I do like the original idea of patents: society gives people a limited time monopoly on a particular invention, but in exchange for that, they have to give society something really valuable in exchange: the knowledge of how they did it.

Google Patents is cool because it at least helps society benefit from the patent information it paid so dearly for.

Now, if only Google Translate had a "legalese to English" button.

2007-09-11 »

A browser is part of the operating system?

Back in 1998, we hated Microsoft for saying a web browser was a critical part of an operating system.

Now an operating system without a built-in web browser would be crazy. How would you download Firefox?

2007-09-12 »

Joel Spolsky in Kitchener/Waterloo and Toronto

For anyone who didn't already know, the infamous Joel will be in Kitchener/Waterloo and then Toronto doing presentations about Fogbugz 6 and software management and things.

My timing is off, as usual - I'll be in Montreal at the time. But if you're in the area, you should go. Joel is awesome, and Fogbugz is awesome. And Fogbugz 6 might be even better.

2007-09-13 »

"Extortionist Database Architecture"

For some time now I've been talking about how the whole world of database/business/financial software is incredibly messed up. The whole system is just a morass of consultants trying to sell you crappy software that will end up costing you 10x as much in consulting fees.

But apparently there's a term for this: "Extortionist Database Architecture." Check out an interview with Vivek Ranadive of Tibco where he talks about it.

The first part of the article is really great - it frames the problem perfectly - but the rest descends into marketese. It mostly tries to sell us SOA as the answer to everything, which seems to me to be, er, unlikely. (The article is sponsored by Sun.)

The Harrah's example is especially evil, because the hard part of implementing the story he describes isn't the software at all; it's deciding which triggers should cause which reactions. If you could do that, you could build it on just about any architecture.

In other silver-bullet related news...

Improve your database performance 10x with our new database architecture! We use the highly innovative technique of storing data in columns instead of rows, resulting in a massive speed increase!

How can you go wrong? <bonk>

2007-09-15 »

Bus bathroom design

Today, a quick note that combines two of my favourite topics: bathrooms and user interface design.

I recently ended up travelling by bus from London (Ontario) to Toronto.
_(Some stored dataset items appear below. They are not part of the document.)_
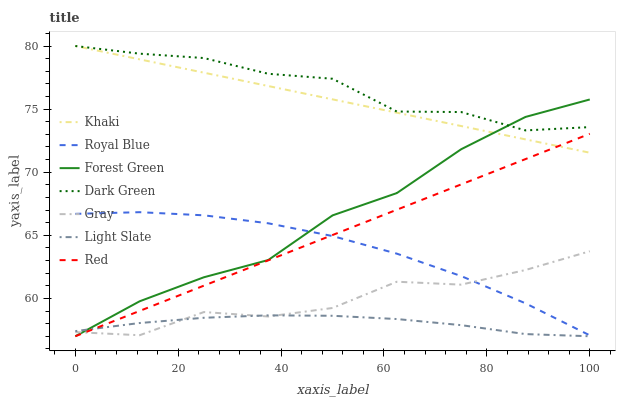Does Light Slate have the minimum area under the curve?
Answer yes or no. Yes. Does Dark Green have the maximum area under the curve?
Answer yes or no. Yes. Does Khaki have the minimum area under the curve?
Answer yes or no. No. Does Khaki have the maximum area under the curve?
Answer yes or no. No. Is Red the smoothest?
Answer yes or no. Yes. Is Gray the roughest?
Answer yes or no. Yes. Is Khaki the smoothest?
Answer yes or no. No. Is Khaki the roughest?
Answer yes or no. No. Does Light Slate have the lowest value?
Answer yes or no. Yes. Does Khaki have the lowest value?
Answer yes or no. No. Does Dark Green have the highest value?
Answer yes or no. Yes. Does Light Slate have the highest value?
Answer yes or no. No. Is Red less than Dark Green?
Answer yes or no. Yes. Is Royal Blue greater than Light Slate?
Answer yes or no. Yes. Does Dark Green intersect Khaki?
Answer yes or no. Yes. Is Dark Green less than Khaki?
Answer yes or no. No. Is Dark Green greater than Khaki?
Answer yes or no. No. Does Red intersect Dark Green?
Answer yes or no. No. 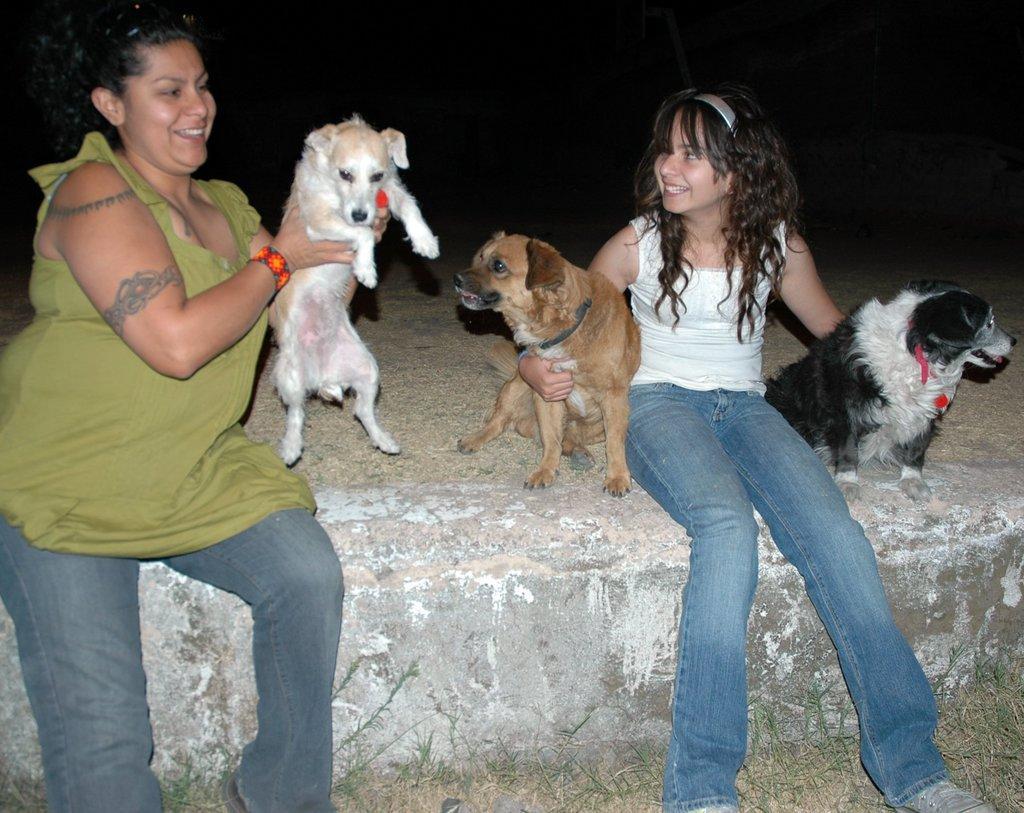In one or two sentences, can you explain what this image depicts? In this picture I can see a woman and a girl holding dogs and I can see dark background and grass on the ground. 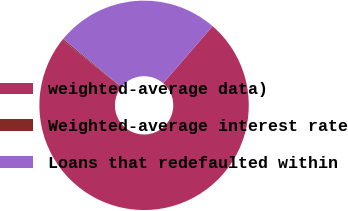Convert chart. <chart><loc_0><loc_0><loc_500><loc_500><pie_chart><fcel>weighted-average data)<fcel>Weighted-average interest rate<fcel>Loans that redefaulted within<nl><fcel>74.39%<fcel>0.2%<fcel>25.41%<nl></chart> 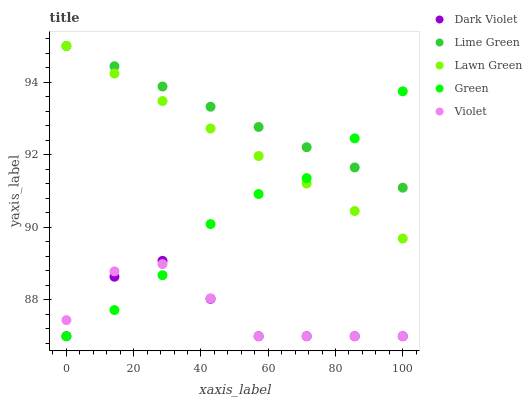Does Dark Violet have the minimum area under the curve?
Answer yes or no. Yes. Does Lime Green have the maximum area under the curve?
Answer yes or no. Yes. Does Green have the minimum area under the curve?
Answer yes or no. No. Does Green have the maximum area under the curve?
Answer yes or no. No. Is Lawn Green the smoothest?
Answer yes or no. Yes. Is Dark Violet the roughest?
Answer yes or no. Yes. Is Green the smoothest?
Answer yes or no. No. Is Green the roughest?
Answer yes or no. No. Does Green have the lowest value?
Answer yes or no. Yes. Does Lime Green have the lowest value?
Answer yes or no. No. Does Lime Green have the highest value?
Answer yes or no. Yes. Does Green have the highest value?
Answer yes or no. No. Is Dark Violet less than Lime Green?
Answer yes or no. Yes. Is Lime Green greater than Dark Violet?
Answer yes or no. Yes. Does Green intersect Violet?
Answer yes or no. Yes. Is Green less than Violet?
Answer yes or no. No. Is Green greater than Violet?
Answer yes or no. No. Does Dark Violet intersect Lime Green?
Answer yes or no. No.

For various reasons, I also had the chance to use the washroom on this bus.

The washroom had a great UI innovation: when you lock the door, the light comes on. Why is that so great? Well, think about it like this:

You never want to use the washroom in the dark.^(*)
You never want to use the washroom with the door unlocked.
It's hard to tell sometimes whether you have the door locked.
It's easy to tell whether you have the lights on.
It's hard to remember to turn off the lights when you're done.
It's easy to remember to unlock the door when you're done.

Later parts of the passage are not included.